> **Exercise requirements**: Where a line in the listing below holds the word "pixels", count that line; give the total alone.

> **Exercise material**:
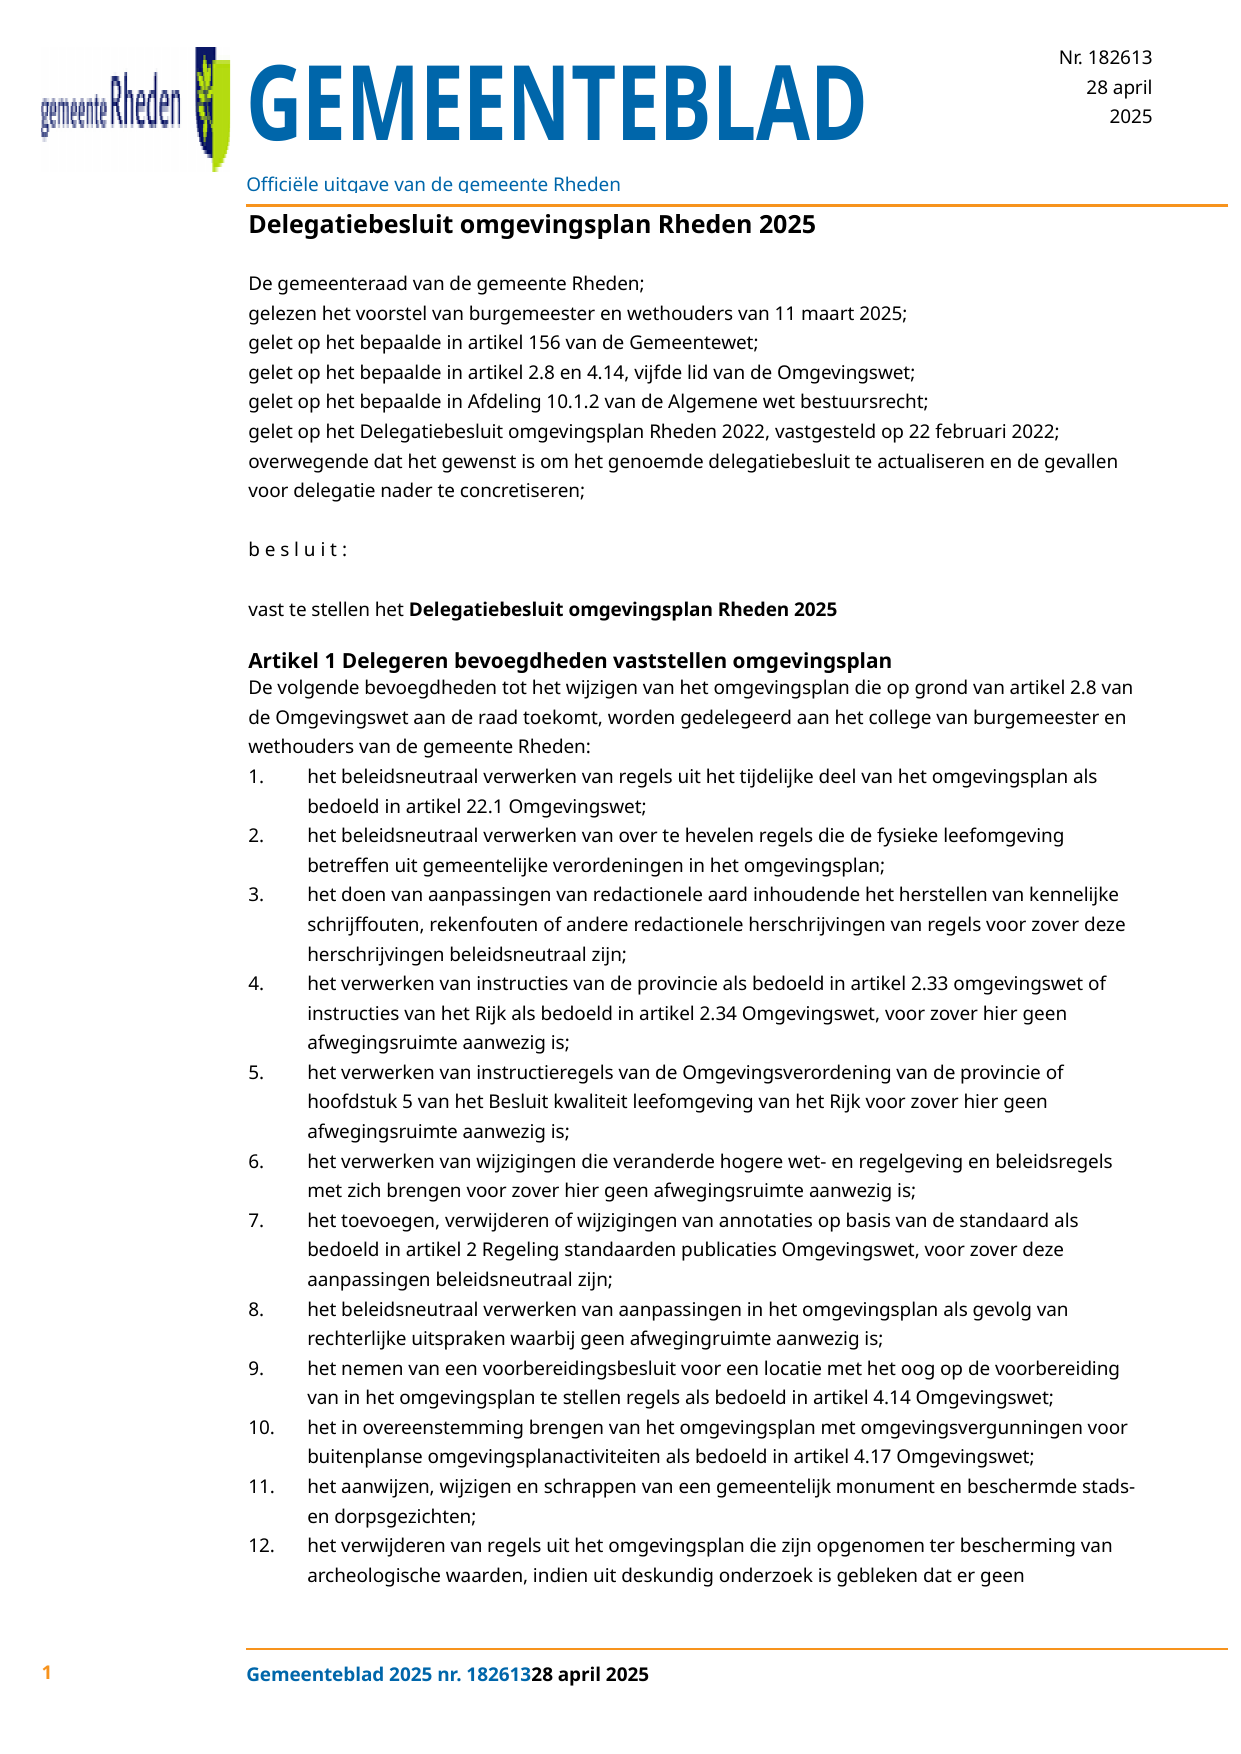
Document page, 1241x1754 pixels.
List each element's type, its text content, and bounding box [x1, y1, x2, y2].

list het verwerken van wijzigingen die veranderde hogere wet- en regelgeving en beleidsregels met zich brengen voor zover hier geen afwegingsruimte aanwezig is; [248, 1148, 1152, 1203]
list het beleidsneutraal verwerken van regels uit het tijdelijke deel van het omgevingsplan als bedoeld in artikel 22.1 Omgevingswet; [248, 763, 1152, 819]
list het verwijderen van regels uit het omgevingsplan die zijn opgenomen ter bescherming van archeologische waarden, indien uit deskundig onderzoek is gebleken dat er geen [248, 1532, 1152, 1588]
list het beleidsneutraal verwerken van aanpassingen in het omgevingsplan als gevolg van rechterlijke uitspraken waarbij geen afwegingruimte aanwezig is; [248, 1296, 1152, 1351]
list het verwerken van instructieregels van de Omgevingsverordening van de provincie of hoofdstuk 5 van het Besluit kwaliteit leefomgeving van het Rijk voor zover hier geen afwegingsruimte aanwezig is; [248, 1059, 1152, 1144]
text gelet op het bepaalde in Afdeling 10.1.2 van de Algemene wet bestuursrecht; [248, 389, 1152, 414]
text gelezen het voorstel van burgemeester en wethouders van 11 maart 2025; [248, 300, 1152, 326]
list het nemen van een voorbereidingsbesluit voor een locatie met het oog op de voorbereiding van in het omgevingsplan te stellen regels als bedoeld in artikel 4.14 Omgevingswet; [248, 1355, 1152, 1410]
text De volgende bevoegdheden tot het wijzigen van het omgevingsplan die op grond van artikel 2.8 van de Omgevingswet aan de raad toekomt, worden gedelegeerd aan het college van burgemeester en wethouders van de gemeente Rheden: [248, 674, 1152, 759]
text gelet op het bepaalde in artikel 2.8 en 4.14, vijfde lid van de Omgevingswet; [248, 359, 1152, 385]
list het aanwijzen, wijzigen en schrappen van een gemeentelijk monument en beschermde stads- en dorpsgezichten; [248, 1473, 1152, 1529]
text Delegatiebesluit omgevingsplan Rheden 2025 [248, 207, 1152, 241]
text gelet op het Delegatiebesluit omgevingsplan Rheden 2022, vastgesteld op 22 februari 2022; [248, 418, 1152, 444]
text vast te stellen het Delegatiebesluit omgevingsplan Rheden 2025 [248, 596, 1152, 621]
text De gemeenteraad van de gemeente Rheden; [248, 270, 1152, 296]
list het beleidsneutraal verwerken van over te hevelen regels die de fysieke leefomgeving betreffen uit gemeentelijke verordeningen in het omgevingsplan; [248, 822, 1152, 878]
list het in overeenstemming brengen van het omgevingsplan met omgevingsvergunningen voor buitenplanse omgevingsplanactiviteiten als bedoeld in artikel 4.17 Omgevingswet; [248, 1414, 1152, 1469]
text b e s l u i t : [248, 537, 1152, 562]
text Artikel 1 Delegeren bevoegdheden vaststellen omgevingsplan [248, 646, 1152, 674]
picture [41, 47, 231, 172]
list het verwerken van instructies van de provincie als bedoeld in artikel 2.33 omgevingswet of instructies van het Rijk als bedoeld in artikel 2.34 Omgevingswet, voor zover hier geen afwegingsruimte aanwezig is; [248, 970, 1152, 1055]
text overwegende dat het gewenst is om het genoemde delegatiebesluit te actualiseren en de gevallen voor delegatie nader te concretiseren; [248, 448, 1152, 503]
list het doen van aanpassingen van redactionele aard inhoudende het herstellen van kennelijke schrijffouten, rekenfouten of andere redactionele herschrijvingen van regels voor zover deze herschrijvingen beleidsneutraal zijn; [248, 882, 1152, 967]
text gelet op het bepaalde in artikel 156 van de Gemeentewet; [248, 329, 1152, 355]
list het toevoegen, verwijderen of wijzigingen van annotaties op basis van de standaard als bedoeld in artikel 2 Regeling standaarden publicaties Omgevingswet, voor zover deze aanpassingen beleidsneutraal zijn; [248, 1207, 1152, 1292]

...

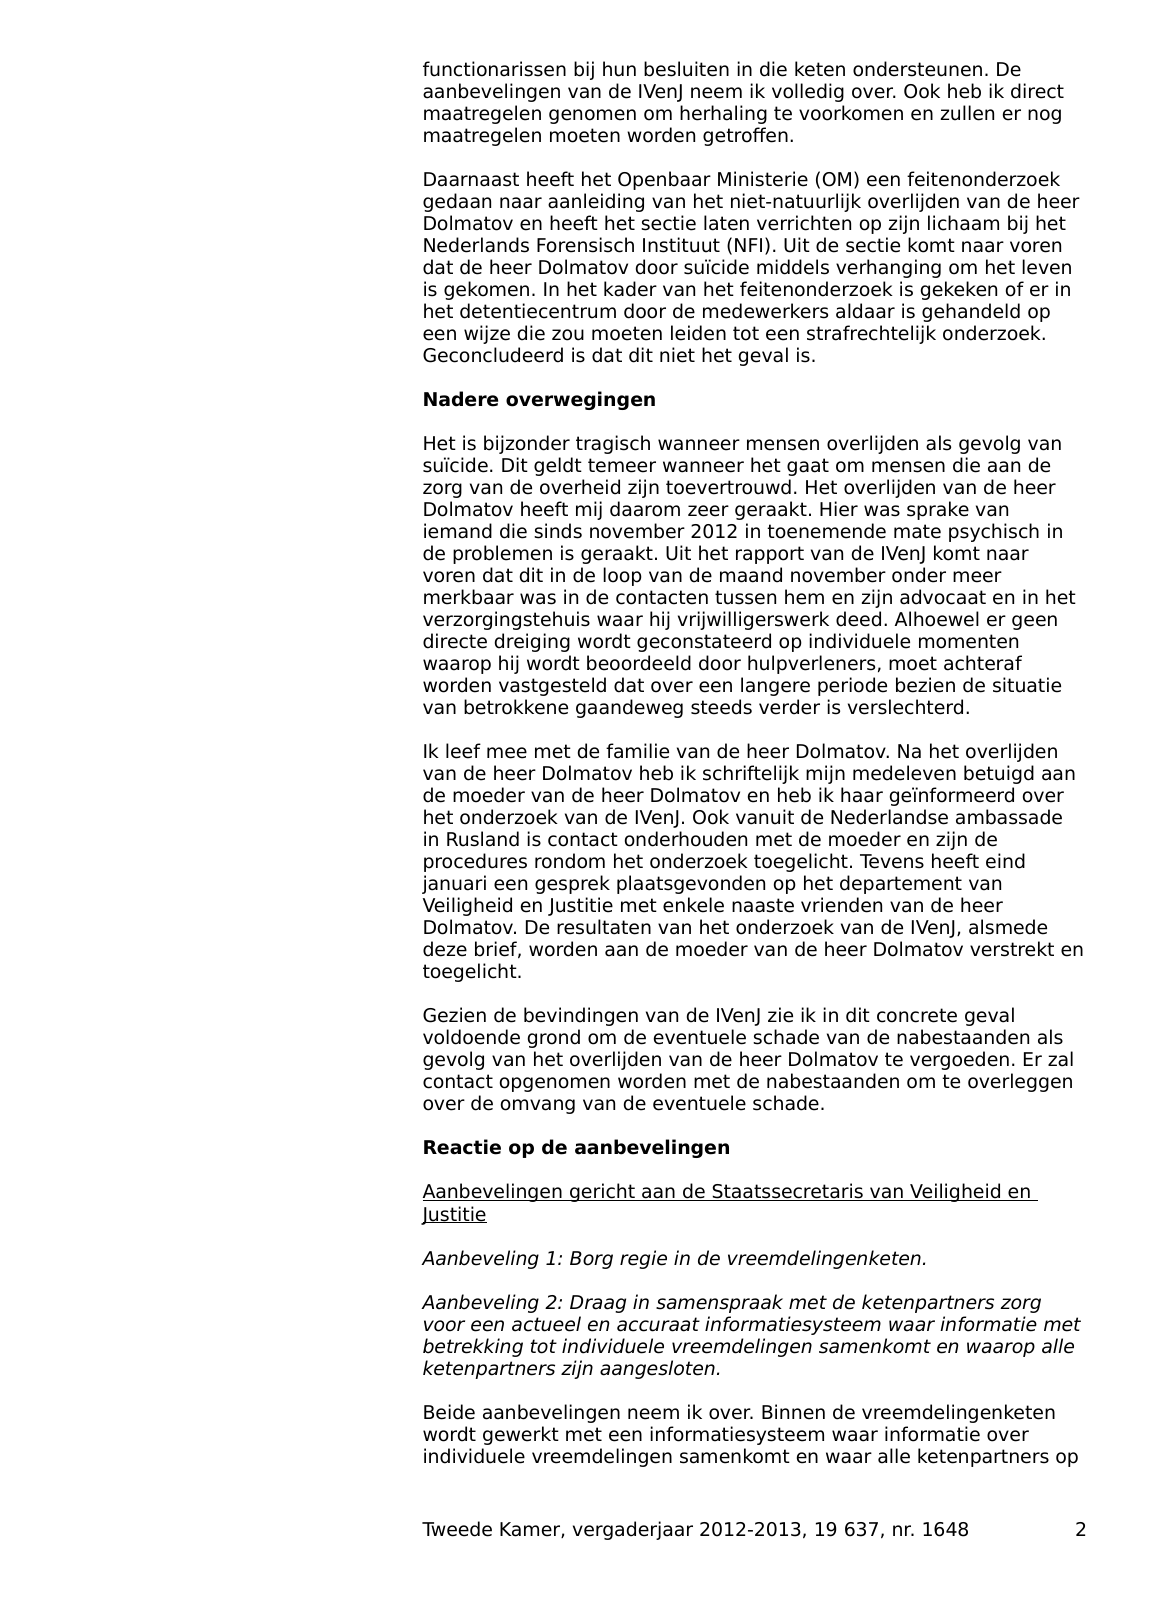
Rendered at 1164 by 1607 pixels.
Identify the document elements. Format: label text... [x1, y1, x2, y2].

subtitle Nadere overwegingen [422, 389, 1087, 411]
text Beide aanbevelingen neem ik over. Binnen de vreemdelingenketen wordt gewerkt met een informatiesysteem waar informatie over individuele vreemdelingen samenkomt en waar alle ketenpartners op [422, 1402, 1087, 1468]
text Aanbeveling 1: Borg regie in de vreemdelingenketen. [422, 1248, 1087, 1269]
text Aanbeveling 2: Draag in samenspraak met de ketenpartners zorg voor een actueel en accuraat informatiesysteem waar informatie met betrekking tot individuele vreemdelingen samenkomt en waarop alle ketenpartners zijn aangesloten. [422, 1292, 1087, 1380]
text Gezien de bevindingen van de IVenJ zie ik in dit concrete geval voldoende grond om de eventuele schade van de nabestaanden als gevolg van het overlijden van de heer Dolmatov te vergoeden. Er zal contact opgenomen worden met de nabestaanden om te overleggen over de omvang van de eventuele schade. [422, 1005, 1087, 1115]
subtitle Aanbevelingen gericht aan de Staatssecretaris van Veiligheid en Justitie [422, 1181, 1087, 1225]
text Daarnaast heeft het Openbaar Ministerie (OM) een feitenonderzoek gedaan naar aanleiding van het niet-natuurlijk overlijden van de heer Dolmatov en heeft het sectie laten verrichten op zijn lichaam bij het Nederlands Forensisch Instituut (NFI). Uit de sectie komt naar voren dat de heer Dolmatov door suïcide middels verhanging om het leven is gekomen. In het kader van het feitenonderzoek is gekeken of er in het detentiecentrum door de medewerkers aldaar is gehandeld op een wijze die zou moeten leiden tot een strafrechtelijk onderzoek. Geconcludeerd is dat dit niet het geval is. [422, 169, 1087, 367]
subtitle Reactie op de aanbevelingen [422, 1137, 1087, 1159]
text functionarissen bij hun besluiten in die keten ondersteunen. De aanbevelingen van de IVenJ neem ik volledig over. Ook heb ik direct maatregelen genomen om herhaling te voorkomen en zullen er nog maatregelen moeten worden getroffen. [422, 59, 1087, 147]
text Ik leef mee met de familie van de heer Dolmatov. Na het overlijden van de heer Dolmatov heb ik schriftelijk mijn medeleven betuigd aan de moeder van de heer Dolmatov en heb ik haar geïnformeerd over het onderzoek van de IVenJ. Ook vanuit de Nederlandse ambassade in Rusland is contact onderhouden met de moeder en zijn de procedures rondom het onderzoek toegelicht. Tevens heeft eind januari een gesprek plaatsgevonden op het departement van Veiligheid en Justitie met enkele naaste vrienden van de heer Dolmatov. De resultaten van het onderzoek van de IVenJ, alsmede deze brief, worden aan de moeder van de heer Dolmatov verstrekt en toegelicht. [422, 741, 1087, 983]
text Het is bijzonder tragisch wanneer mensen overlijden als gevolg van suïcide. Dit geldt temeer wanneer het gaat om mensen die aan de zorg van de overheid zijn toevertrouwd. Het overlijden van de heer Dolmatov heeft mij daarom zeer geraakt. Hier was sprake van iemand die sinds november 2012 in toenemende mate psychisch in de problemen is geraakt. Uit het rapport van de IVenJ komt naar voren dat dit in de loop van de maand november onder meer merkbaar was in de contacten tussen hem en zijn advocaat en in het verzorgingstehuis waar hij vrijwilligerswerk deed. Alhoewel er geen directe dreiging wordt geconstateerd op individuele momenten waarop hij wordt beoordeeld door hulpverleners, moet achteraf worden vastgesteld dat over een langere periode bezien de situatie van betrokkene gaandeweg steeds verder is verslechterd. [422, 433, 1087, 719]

---

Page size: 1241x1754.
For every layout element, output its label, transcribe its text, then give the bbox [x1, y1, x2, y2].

> **Result of the task**: 2